Human Genetic Engineering: Designing the Future As the rate of advancements in technology and science continue to grow, ideas that were once viewed as science fiction are now becoming reality. As we collectively advance as a society, ethical dilemmas arise pertaining to scientific advancement, specifically concerning the controversial topic of genetic engineering in humans.
In an article titled “The Ethical Implications of Gene Therapy” the group of advisers on Ethical Implications of Biotechnology of the European commission states issues and rules that should be abided by, along with beliefs on the direction of biotechnology. At its present stage, biotechnology focuses on serious diseases which are incurable at the moment, however through this research treatment for these diseases could be found. The group of advisers feel that there should be levels at which research should focus on, instead of jumping into it all at once. Basic research should be carried out prior to clinical trials, and then move on to biotechnology. This can be done by supporting research actions, organizing training and exchange programs or any other appropriate means. Gene therapy protocols require that ethical evaluation consists of processes assuring quality, transparency and efficiency without delays of treatment to the patients who need it. This is crucial because an inefficient, poor quality treatment could cost someone their life. The group also feels that gene therapy research should be restricted to serious diseases for which there is not a current treatment. Expanding research to other things could be done if a medical evaluation calls for it. Equal access should be assured to all researchers within the European Union, thus sharing information and helping to improve orphan drugs. This could also save time and money. In order to insure the public of what is going on, conclusions of evaluations should regularly be published to encourage public debate. The public is not usually informed much about genetic therapy and many people have the wrong idea about it. Should reports be published more often, there will be less public confusion and ridicule.

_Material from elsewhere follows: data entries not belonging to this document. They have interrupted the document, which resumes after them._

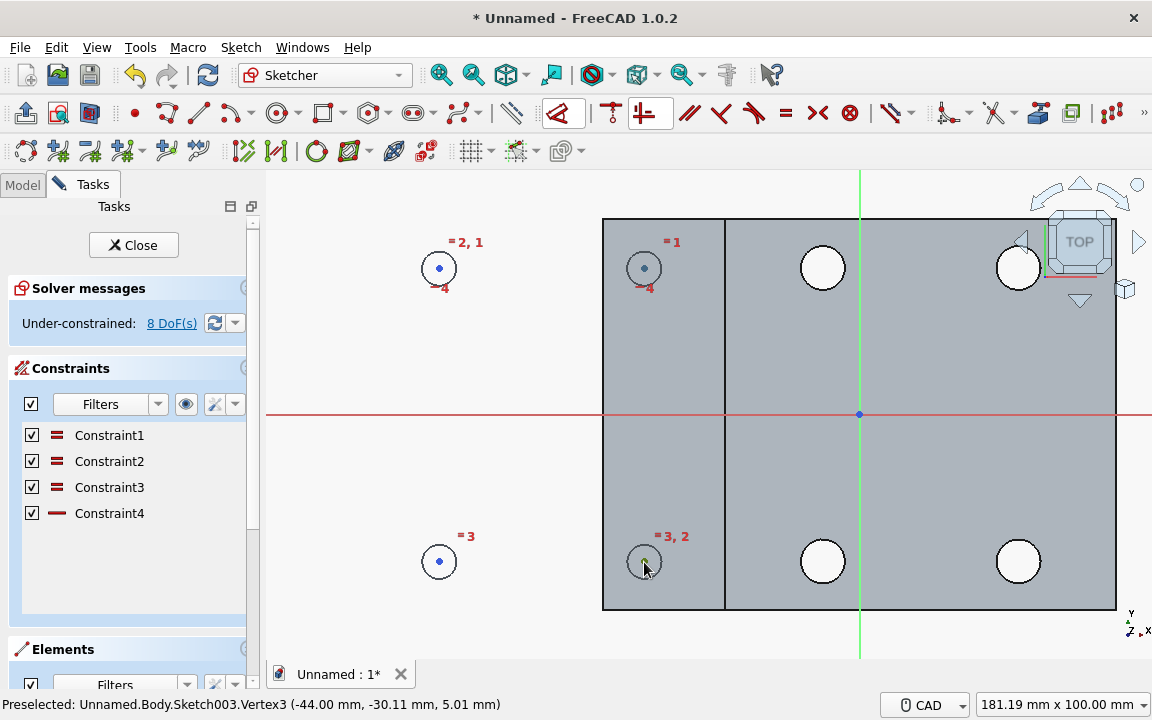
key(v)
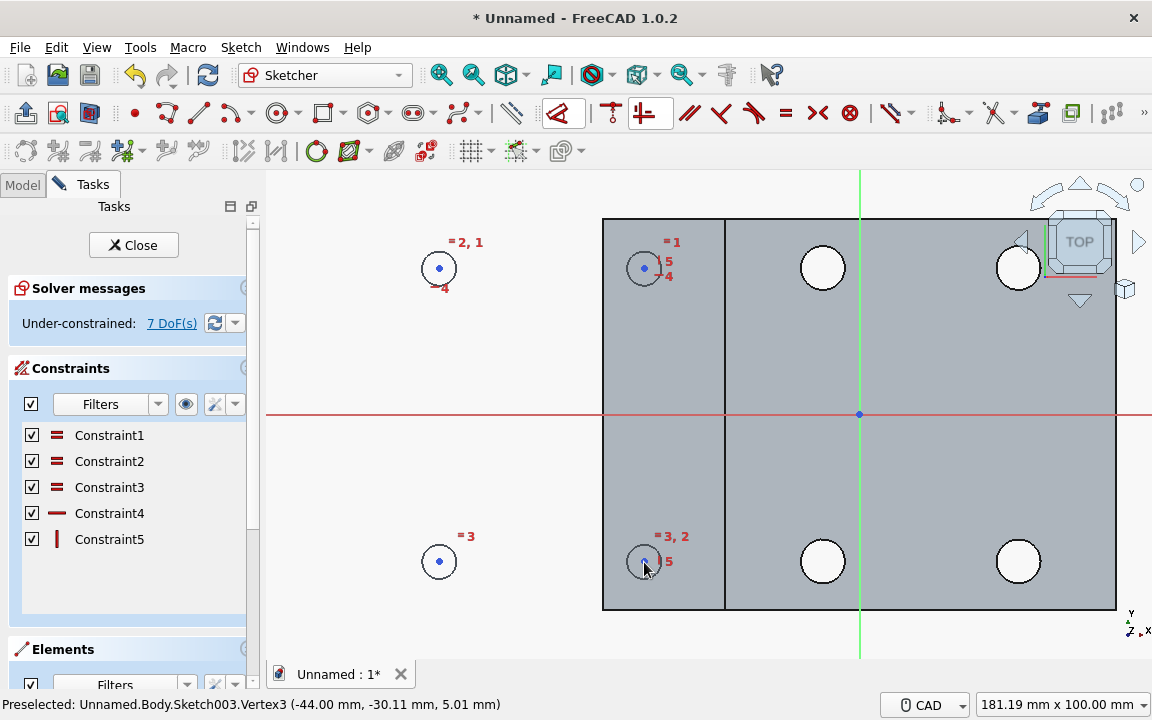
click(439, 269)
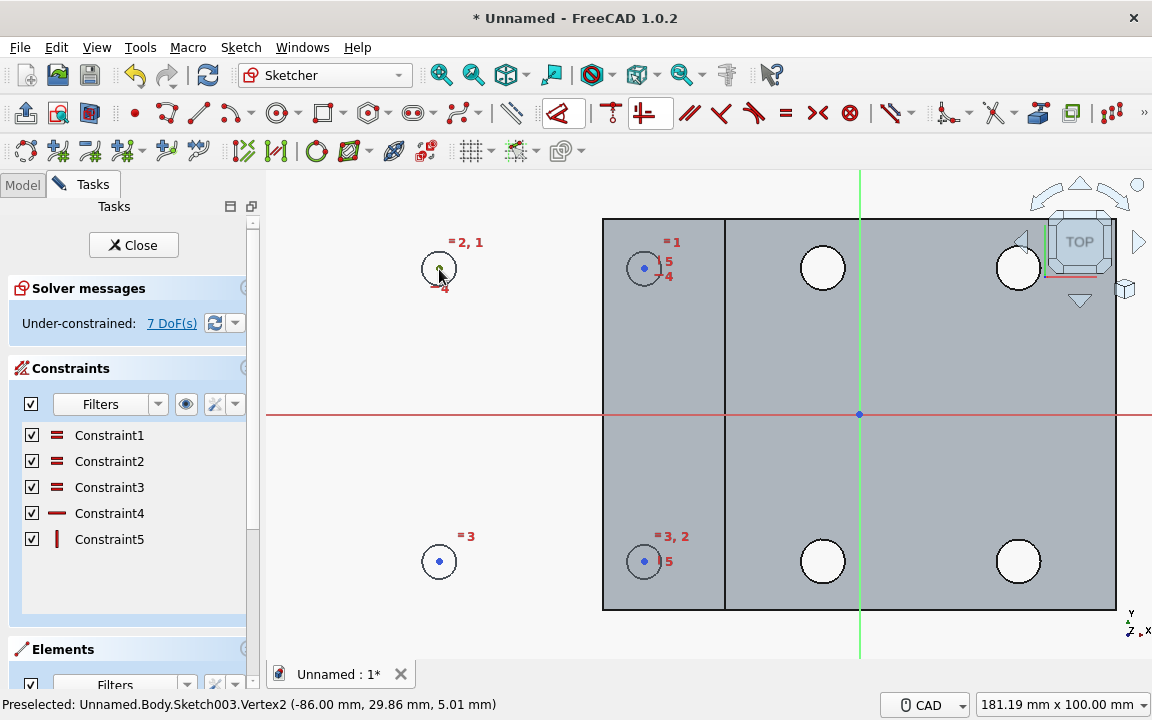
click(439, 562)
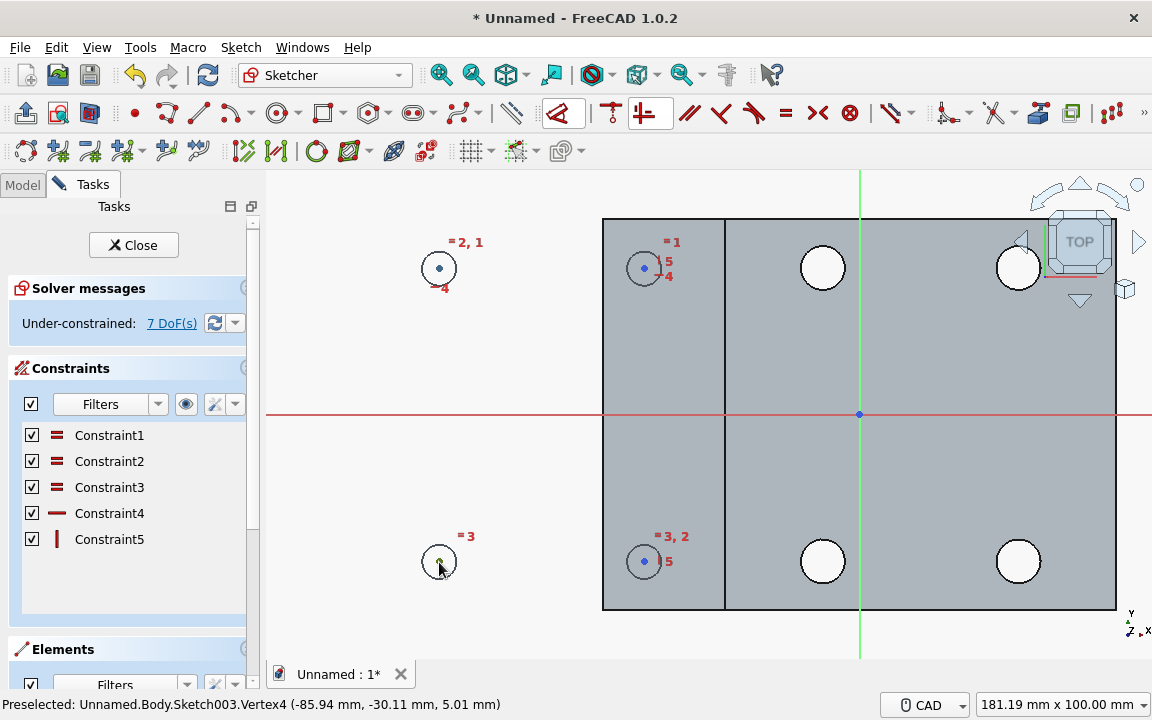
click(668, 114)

Scientists and the general population favor genetic engineering because of the effects it has for the future generation; the advanced technology has helped our society to freely perform any improvements. Genetic engineering is currently an effective yet dangerous way to make this statement tangible. Though it may sound easy and harmless to change one’s genetic code, the conflicts do not only involve the scientific possibilities but also the human morals and ethics. When the scientists first used mice to practice this experiment, they “improved learning and memory” but showed an “increased sensitivity to pain.” The experiment has proven that while the result are favorable, there is a low percentage of success rate. Therefore, scientists have concluded that the resources they currently own will not allow an approval from the society to continually code new genes. While coding a new set of genes for people may be a benefitting idea, some people oppose this idea.